Qualitas Corpus Glossary

This page (is supposed to) contains all the corpus-specific terms that are used, with links to the full documentation. . These measurements only apply to those classes specified by sourcepackages.
Term (link to details) Short description
Attributes Part of the metadata provided with the corpus is the values for a set of attributes for each system or sysver.
bin Used both to refer to the compiled form of any types and the place in a sysver structure where the compiled form is kept.
contents.csv Part of the metadata provided with the corpus is information for every type that is included in the corpus for each system.
Distribution An attribute indicating the distribution a sysver can be found in.
Domain An attribute indicating the domain the system belongs to.
Full Name An attribute indicating the full name of the system (often the same as System).
.install The name of the install script for a sysver.

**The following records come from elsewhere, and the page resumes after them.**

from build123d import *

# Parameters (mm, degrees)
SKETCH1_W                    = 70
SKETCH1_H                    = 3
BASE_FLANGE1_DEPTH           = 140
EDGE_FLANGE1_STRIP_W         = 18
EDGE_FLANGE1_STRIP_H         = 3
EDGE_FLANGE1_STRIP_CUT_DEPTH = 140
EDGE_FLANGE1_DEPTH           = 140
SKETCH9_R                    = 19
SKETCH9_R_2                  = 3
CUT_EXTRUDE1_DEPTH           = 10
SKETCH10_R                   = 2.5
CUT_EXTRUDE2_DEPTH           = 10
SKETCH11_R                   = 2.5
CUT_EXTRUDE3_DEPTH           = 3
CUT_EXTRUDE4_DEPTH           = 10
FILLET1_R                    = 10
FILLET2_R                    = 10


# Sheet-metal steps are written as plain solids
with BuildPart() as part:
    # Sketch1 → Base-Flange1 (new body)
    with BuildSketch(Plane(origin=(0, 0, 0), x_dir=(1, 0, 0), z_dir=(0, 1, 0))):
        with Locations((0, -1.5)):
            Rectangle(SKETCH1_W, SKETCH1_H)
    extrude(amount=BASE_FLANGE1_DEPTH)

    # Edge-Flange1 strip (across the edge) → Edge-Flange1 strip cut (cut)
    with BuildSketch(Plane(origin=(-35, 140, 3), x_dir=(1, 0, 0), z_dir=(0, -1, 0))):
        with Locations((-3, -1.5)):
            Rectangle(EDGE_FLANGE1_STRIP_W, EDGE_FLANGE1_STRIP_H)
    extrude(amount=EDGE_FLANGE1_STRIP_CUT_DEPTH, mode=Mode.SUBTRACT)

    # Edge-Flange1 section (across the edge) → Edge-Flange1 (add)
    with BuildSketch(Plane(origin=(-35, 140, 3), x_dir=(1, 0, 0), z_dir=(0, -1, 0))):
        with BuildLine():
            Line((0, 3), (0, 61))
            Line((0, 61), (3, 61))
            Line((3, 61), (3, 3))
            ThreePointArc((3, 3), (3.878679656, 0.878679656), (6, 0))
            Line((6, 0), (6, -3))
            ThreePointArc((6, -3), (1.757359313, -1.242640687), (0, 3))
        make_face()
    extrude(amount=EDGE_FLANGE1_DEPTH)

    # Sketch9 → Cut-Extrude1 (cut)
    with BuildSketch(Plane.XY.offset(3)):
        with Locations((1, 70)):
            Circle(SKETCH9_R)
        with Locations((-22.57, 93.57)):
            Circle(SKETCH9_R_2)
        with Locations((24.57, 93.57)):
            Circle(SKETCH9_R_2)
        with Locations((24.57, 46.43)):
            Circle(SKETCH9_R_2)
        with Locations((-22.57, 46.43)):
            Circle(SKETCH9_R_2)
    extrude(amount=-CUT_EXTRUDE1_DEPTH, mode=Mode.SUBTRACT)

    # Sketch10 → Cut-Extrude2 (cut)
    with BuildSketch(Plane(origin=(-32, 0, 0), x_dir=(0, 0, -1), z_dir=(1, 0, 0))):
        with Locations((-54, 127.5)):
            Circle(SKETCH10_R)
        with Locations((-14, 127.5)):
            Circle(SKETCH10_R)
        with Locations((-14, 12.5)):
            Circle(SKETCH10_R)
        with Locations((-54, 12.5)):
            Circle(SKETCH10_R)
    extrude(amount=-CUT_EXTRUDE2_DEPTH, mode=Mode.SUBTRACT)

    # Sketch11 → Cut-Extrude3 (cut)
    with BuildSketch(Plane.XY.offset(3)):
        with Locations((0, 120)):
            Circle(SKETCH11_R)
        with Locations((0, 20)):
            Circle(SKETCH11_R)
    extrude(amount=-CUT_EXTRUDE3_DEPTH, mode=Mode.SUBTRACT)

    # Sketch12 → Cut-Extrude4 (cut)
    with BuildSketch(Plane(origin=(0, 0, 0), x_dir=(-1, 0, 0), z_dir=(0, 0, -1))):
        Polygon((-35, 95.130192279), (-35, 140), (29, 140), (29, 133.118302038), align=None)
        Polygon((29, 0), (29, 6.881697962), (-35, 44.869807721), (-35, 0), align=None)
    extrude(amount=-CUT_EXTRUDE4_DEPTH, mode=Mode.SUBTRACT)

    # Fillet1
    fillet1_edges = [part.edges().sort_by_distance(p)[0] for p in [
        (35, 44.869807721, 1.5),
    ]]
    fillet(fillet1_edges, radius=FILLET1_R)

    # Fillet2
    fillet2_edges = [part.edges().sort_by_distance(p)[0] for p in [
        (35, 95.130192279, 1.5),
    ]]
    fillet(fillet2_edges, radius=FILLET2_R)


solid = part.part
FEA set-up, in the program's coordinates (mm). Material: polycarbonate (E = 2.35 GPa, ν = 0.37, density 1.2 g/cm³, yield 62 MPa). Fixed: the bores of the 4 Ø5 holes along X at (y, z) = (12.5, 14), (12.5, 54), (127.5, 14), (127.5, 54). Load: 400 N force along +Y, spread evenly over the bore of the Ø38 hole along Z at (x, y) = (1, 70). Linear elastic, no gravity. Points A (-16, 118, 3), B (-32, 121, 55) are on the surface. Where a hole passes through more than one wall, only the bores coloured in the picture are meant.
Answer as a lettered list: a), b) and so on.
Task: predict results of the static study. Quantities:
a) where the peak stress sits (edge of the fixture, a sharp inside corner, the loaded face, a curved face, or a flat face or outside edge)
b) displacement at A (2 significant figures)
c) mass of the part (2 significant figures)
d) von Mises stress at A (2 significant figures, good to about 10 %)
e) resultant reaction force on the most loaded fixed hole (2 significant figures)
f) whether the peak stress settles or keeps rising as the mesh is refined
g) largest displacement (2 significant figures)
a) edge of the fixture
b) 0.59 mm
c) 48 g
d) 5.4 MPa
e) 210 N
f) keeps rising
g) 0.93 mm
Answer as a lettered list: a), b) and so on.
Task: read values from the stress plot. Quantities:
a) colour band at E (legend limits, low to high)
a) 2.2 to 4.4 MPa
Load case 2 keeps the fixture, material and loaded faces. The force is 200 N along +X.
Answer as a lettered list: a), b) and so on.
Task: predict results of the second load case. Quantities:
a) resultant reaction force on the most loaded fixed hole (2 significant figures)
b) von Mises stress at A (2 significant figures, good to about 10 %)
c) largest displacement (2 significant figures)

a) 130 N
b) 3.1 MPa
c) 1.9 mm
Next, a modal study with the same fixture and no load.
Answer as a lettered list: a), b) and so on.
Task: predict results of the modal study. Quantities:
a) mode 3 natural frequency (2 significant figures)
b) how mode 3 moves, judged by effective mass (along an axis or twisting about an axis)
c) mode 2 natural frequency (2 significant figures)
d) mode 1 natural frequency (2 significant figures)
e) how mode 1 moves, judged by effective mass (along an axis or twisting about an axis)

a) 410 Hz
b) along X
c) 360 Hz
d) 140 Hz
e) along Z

JRE Version An attribute indicating the earliest version of the JRE needed for the sysver.
License An attribute indicating the license the system is released under.
LOC (Lines of Code) The number of lines of code. When applied to a text file, this is what the Unix wc -l command will give, except that if the last line of the file does not end in a linefeed, then the LOC will be one greater than the wc value.
loc(both) An attribute indicating the LOC for the .java files that are in src and compiled forms exist in bin for types belonging to packages that match sourcepackages
n_bin An attribute indicating the number of .class files in bin for types belonging to packages that match sourcepackages
n_both An attribute indicating the number of .class files in bin for which there is source code in src for types belonging to packages that match sourcepackages
n_files An attribute indicating the number of .java files in src for types belonging to packages that match sourcepackages
n_top(bin) An attribute indicating the number of .class files for top level types belonging to packages that match sourcepackages
NCLOC (Non-comment, Non-blank Lines of Code) Lines of code counted in LOC excluding blank lines and lines that are entirely comments. Lines of text that contain both code (even if it is a single character such as "}") and comments are included.
ncloc(both) An attribute indicating NCLOC for classes that are in both src and bin.
.properties File containing Sysver-specific attribute values.
Recent Version Refers to the most recent version of a system in the corpus (which may not be the most recent version of the system that's available).
Release Date An attribute indicating the date the version was released on.
Size metrics There are measurements for 6 size metrics provided for each sysver: 2 "lines of code" metrics (loc(both), ncloc(both)), 3 "number of classes" metrics (n_bin, n_both, n_top(bin)) and number of files (n_files)
Source Packages An attribute indicating prefixes of packages that contain code written for the system.
summary.csv File containing the attribute values of all sysvers in the corpus.
systemnotes An attribute indicating notes for a system.
src Used both to refer to the source form of any types and the place in a sysver structure where the source form is kept.
Status An attribute indicating the development status of the system.
System An attribute indicating the name of the system the system version belongs to.
Sysver An attribute indicating system and version
Standard Sysver Structure How the entry for a sysver is organised.
sysvercount An attribute of a system indicating the number of versions in the corpus for that.
Type Refers to any Java type-like entity (including classes, interfaces, enums, annotations). This is used rather than "class" as the general term to avoid ambiguity because "class" can also mean things that aren't interfaces, enums, or annotations.
Top Level Type A type that is not a nested type.
versionnotes An attribute indicating notes specific to a sysver.
url An attribute indicating the web address (typically the home page of a system).